Как-то раз решили мы с подругой пойти в лес по грибы. Зная, что на выходные грибников в лесу больше, чем грибов, пошли в понедельник. И прогадали. Грибников - не меньше, ведь безработных - тьма, а кушать хочется всем! Но после выходных вместо грибов одни обрубочки из-под опавших листьев выглядывают. Начали мы вглубь леса идти, чтоб хоть не с пустыми руками домой возвращаться, но грибов все нет и нет… А вот бледных поганок и мухоморов - море - целыми семействами на полянах растут, манят своим изобилием и нарядным видом неискушенных и легкомысленных искателей. Да только люди эти полянки стороной обходят. Не растут на них съедобные грибы. А даже если какой и вырастет, то брать его опасно, потому что может быть он отравлен ядом смертоносных грибниц.
Бродили мы по лесу уже часа два, но грибного почина все еще не было. Вдруг навстречу - старик:
- Дівчата, подивіться, що я набрав, а то я у грибах не дуже понімаю.
Как открыл он перед нами свою сумку, так мы и остолбенели. Она была заполнена бледными поганками. Немая сцена длилась около минуты, и я вдруг сорвалась на крик:
- Дедуля, Вы, что с ума сошли?!? Сейчас же выкиньте их!!! Это же бледные поганки!!! Это СМЕР-ТЕЛЬ-НО!!! От них нет спасения!!!
Он посмотрел на меня по-стариковски безмятежным взглядом - ни тени тревоги не было в его глазах:
- Ну, і Бог з ним. Що з голоду, що так… Я б може їх і не брав, але ж інших нема…
"Нема інших" - "железная" логика изголодавшегося человека. Сколько их, тех, которые отравились потому, что "інших не було"? Я не знаю, да и никто, думаю, не знает…
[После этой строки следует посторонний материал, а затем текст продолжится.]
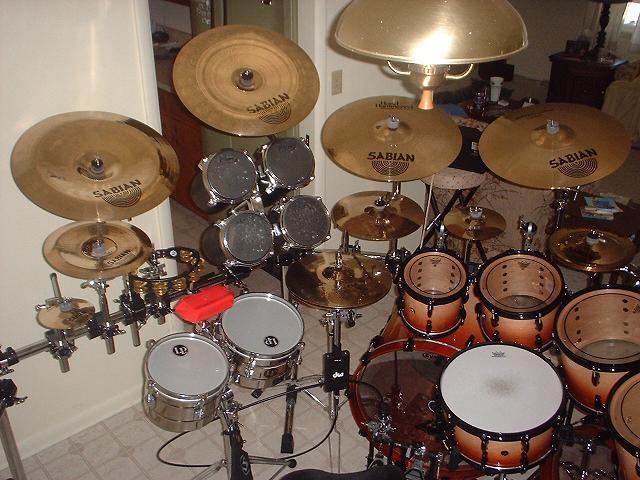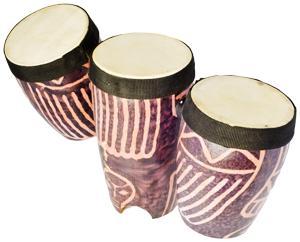The first image is the image on the left, the second image is the image on the right. For the images displayed, is the sentence "The right image shows a row of at least three white-topped drums with black around at least part of their sides and no cymbals." factually correct? Answer yes or no. Yes. 
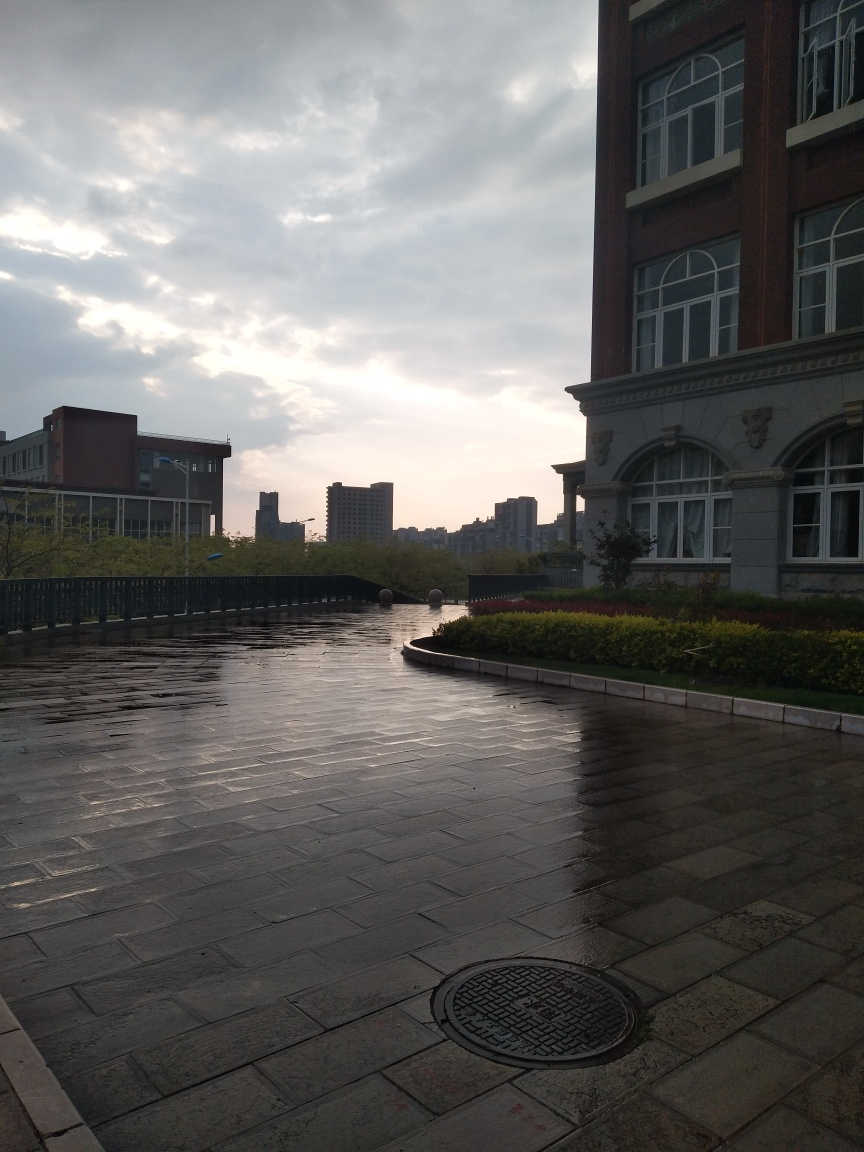Can you describe the weather conditions at the time this photo was taken? The weather appears to be overcast with breaking clouds, indicative of the aftermath of a rain shower. The dampness on the pavement reflects the sky, hinting at recent rainfall which has likely just ceased. 
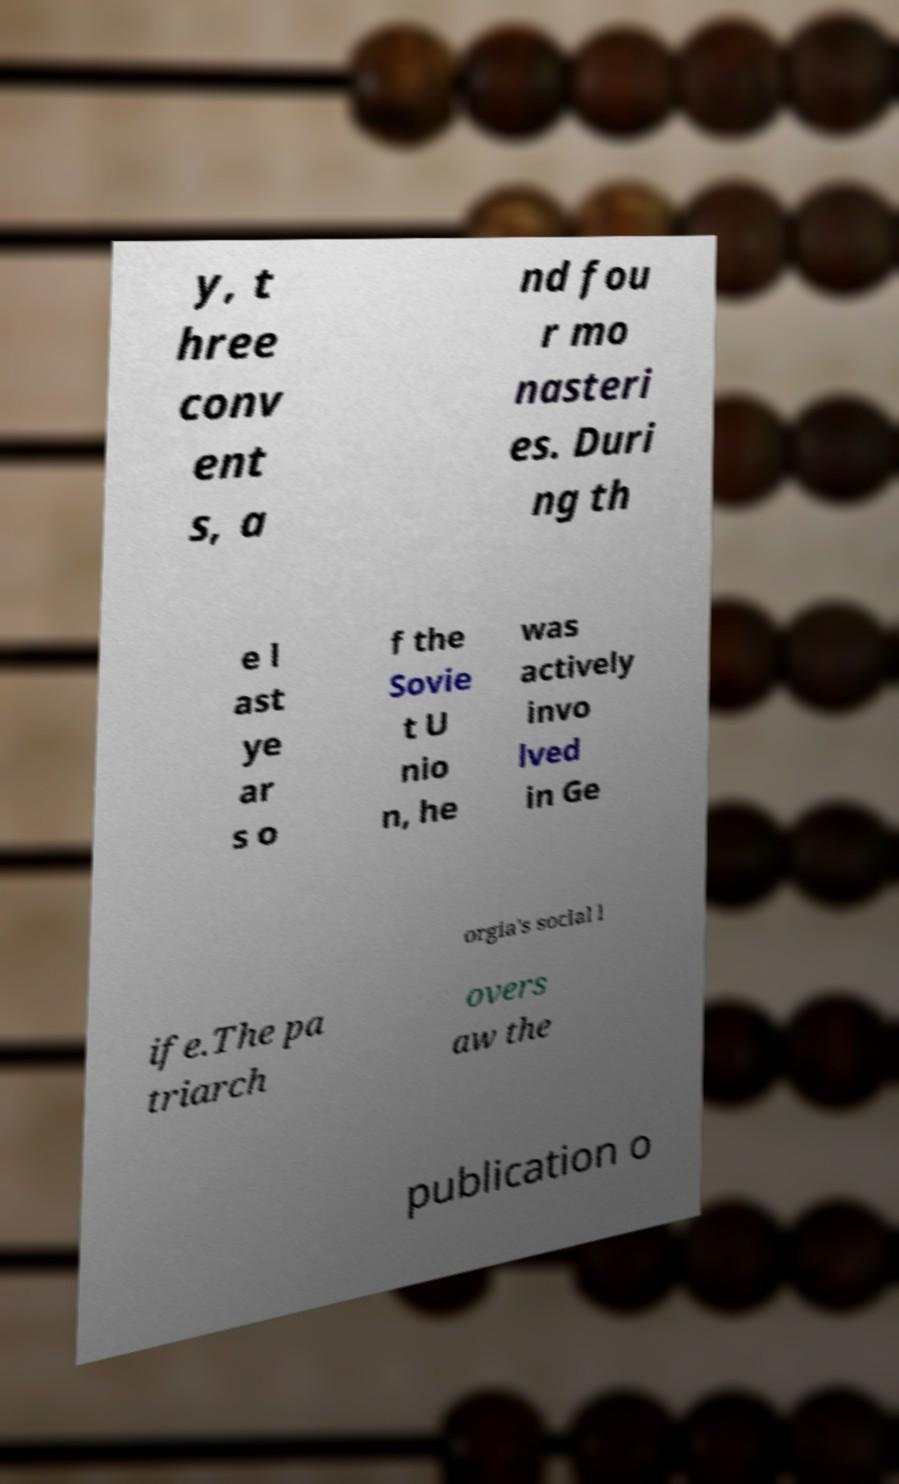I need the written content from this picture converted into text. Can you do that? y, t hree conv ent s, a nd fou r mo nasteri es. Duri ng th e l ast ye ar s o f the Sovie t U nio n, he was actively invo lved in Ge orgia's social l ife.The pa triarch overs aw the publication o 
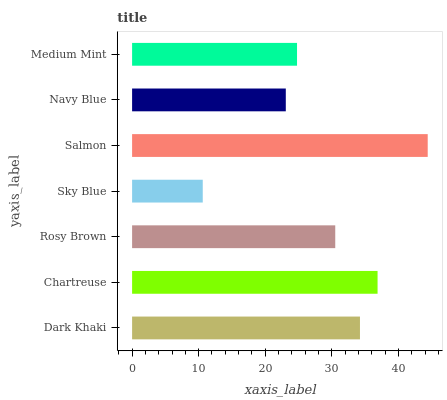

Уговорили мы все-таки деда выбросить эти бледные чудовища. Взяли его с собой. Лес большой, - авось, и найдем что-то. Правда, выбрасывал он свою смерть неохотно, словно от сердца отрывал. И пошел за нами с таким видом, будто не хотел идти вовсе, а просто покорился более сильной воле, которая только что отняла у него почти уже готовый ужин, пообещав взамен какой-то иллюзорный, которого может и не быть.
Но лес все-таки подарил нам немного от щедрот своих… Кажущаяся еще полчаса назад иллюзорной возможность превратилась в реальную. Однако, на настроение старика это никоим образом не повлияло. Он брел, подбирая то, что ему подавала природа, и тяжело вздыхал:
- Яке страшне зараз життя, яке страшне… Мре наш народ, мре…
Я с жаром возражала, что в нашей власти изменить сложившуюся ситуацию, что именно потому, что наш народ, вымирая, безропотно терпит все издевательства горстки сбесившихся от жира негодяев, жизнь представляется ему черной от безысходности дырой, что стоит только перестать плакать, сетовать и подняться с колен, как для него откроются новые перспективы свободы и возрождения. Но в ответ старик лишь отрицательно качал головой и повторял:
- Нічого вже не буде… Нічого вже не буде…
У этого человека уже не было сил противостоять действительности. Сломленный капитализмом, он просто уже не мог думать о лучшем, и потому не хотел даже предполагать его. Вскоре он незаметно отстал и тихо скрылся из вида. Может, для того, чтобы снова набрать в кошелку несколько пригоршней смерти?..
И после его исчезновения мне представилось, что все огромные, средние и мелкие капиталисты, как и обслуживающие их интересы политиканы, - это бледные поганки, которые ест наш народ, потому что "інших нема", и потом, умирая, причитает, что "нічого вже не буде".